Transparence financière : aucun syndicat n’échappe à la règle
4 juin 2020
Le principe selon lequel tout syndicat, même non-représentatif, doit faire la preuve de sa transparence financière pour exercer valablement ses prérogatives dans l’entreprise, et notamment pour désigner un représentant de section syndicale (RSS), vient d’être confirmé par le Conseil constitutionnel.
Un principe jurisprudentiel en question
Dans le cadre d’un contentieux relatif à la désignation d’un RSS, un employeur faisait valoir que la désignation n’était pas valable notamment sur le fondement du non-respect par le syndicat du critère de la transparence financière. En effet, dans un arrêt du 22 février 2017, la Cour de cassation a posé le principe selon lequel les syndicats représentatifs comme non représentatifs remplissent cette condition de transparence financière « pour pouvoir exercer des prérogatives dans l’entreprise ». En conséquence, un syndicat non représentatif souhaitant désigner un RSS doit satisfaire à la condition de transparence financière (Cass. soc., 22 février 2017, n° 16-60.123).
Cette interprétation pouvait être discutée, puisqu’aux termes d’une lecture littérale des textes, la transparence financière conditionne uniquement la qualité de syndicat représentatif. Elle n’est pas non plus exigée du syndicat qui constitue une section syndicale, ni celui qui désigne un RSS. Le 29 janvier 2020, sur recours du syndicat ayant procédé à la désignation litigieuse, la Cour de cassation a soumis la conformité de son interprétation de l’article L.2121-1 du Code du travail à l’examen du Conseil constitutionnel dans le cadre d’une question prioritaire de constitutionnalité (QPC) portant sur une éventuelle atteinte au principe de la liberté syndicale (Cass. soc., 29 janvier 2020, n° 19-40.034).
Un principe jurisprudentiel légitimé par la défense des intérêts des salariés
Dans sa décision du 30 avril 2020, le Conseil constitutionnel approuve la position adoptée par la Cour de cassation et la déclare conforme à la Constitution (Décision n° 2020-835 QPC du 30 avril 2020).
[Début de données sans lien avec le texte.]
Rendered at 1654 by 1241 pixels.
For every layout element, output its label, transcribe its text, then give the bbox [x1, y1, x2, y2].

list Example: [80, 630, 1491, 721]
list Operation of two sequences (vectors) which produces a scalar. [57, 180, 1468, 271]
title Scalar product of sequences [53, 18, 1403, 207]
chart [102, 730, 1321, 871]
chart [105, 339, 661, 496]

Ainsi, pour exercer leurs prérogatives dans l’entreprise (constitution d’une section syndicale, désignation d’un RSS, présentation de candidats au premier tour des élections professionnelles) un syndicat non représentatif doit justifier qu’il satisfait au critère de transparence financière.
A l’appui de cette décision, le Conseil constitutionnel fait valoir que la transparence financière est une qualité inhérente à tout syndicat, représentatif ou non : « en imposant aux syndicats une obligation de transparence financière, le législateur a entendu permettre aux salariés de s’assurer de l’indépendance, notamment financière, des organisations susceptibles de porter leurs intérêts ».
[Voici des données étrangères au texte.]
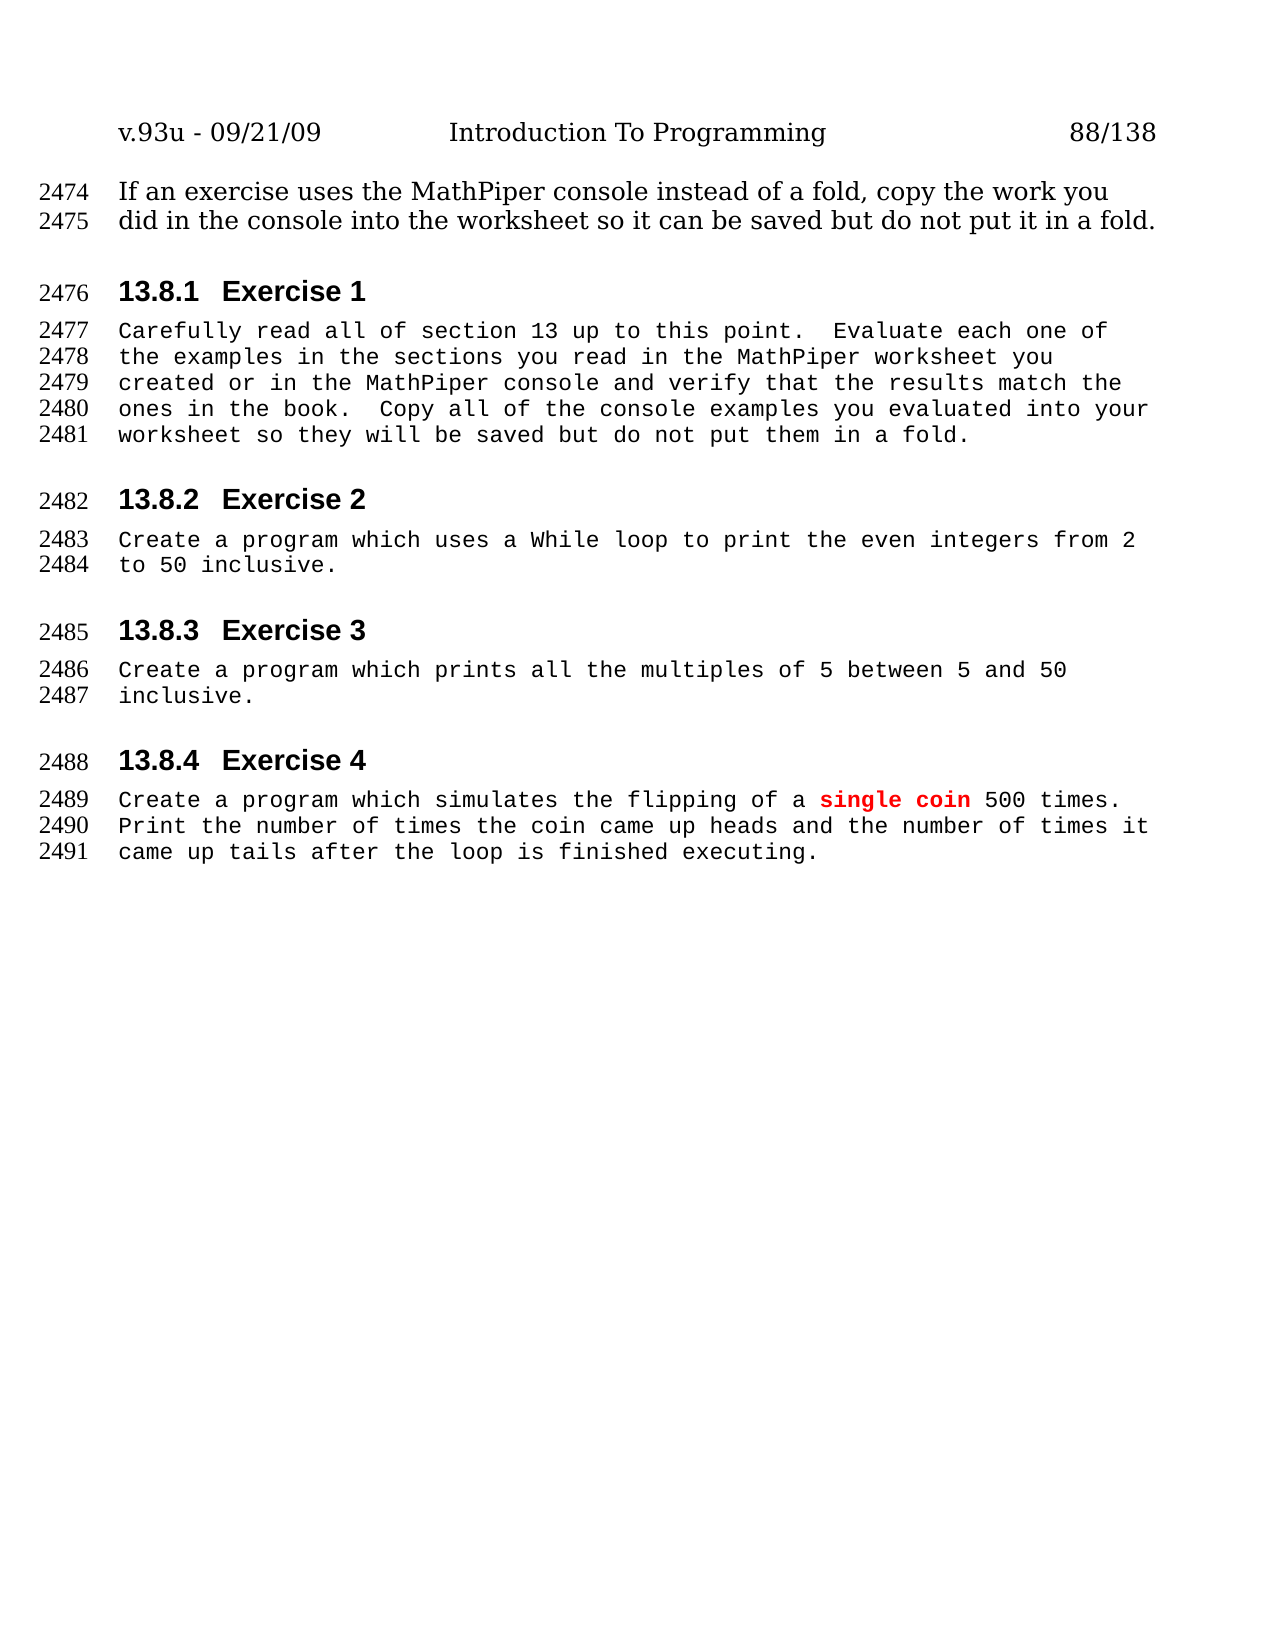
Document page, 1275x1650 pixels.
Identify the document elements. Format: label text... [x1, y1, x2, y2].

subtitle Exercise 2 [118, 482, 1157, 516]
text If an exercise uses the MathPiper console instead of a fold, copy the work you did in the console into the worksheet so it can be saved but do not put it in a fold. [118, 177, 1157, 235]
text Create a program which prints all the multiples of 5 between 5 and 50 inclusive. [118, 658, 1157, 710]
subtitle Exercise 4 [118, 743, 1157, 777]
text Create a program which uses a While loop to print the even integers from 2 to 50 inclusive. [118, 528, 1157, 580]
subtitle Exercise 3 [118, 613, 1157, 646]
text Create a program which simulates the flipping of a single coin 500 times. Print the number of times the coin came up heads and the number of times it came up tails after the loop is finished executing. [118, 789, 1157, 867]
text Carefully read all of section 13 up to this point. Evaluate each one of the examples in the sections you read in the MathPiper worksheet you created or in the MathPiper console and verify that the results match the ones in the book. Copy all of the console examples you evaluated into your worksheet so they will be saved but do not put them in a fold. [118, 320, 1157, 449]
subtitle Exercise 1 [118, 274, 1157, 308]

Le Conseil constitutionnel rappelle que : « il résulte de la jurisprudence constante de la Cour de cassation qu’un syndicat non représentatif peut rapporter la preuve de sa transparence financière soit par la production des documents comptables requis en application des articles L.2135-1, L.2135-4 et L.2135-5 du Code du travail, soit par la production de tout autre document équivalent ». On relèvera à cet égard que la loi du 20 août 2008 a soumis les organisations syndicales et professionnelles à des obligation d’établissement, d’approbation, de certification et de publication de leurs comptes (art. L.2135-1 à L.2335-6 du Code du travail). Cette obligation s’applique y compris aux syndicats non représentatifs.
L’exigence de transparence financière, y compris pour les syndicats qui ne sont pas encore représentatifs, ne méconnaît donc ni la liberté syndicale, ni le principe de participation, ni le principe d’égalité.
Une décision à saluer
La décision du Conseil constitutionnel a le mérite de mettre un terme au débat en confirmant l’interprétation de la Cour de cassation. Par ailleurs, cette décision doit être saluée : il serait en effet anormal qu’une organisation syndicale, dès lors qu’elle n’est pas représentative, échappe au principe de transparence financière qui innerve désormais tous les pans de la société (responsables politiques, syndicaux, associatifs).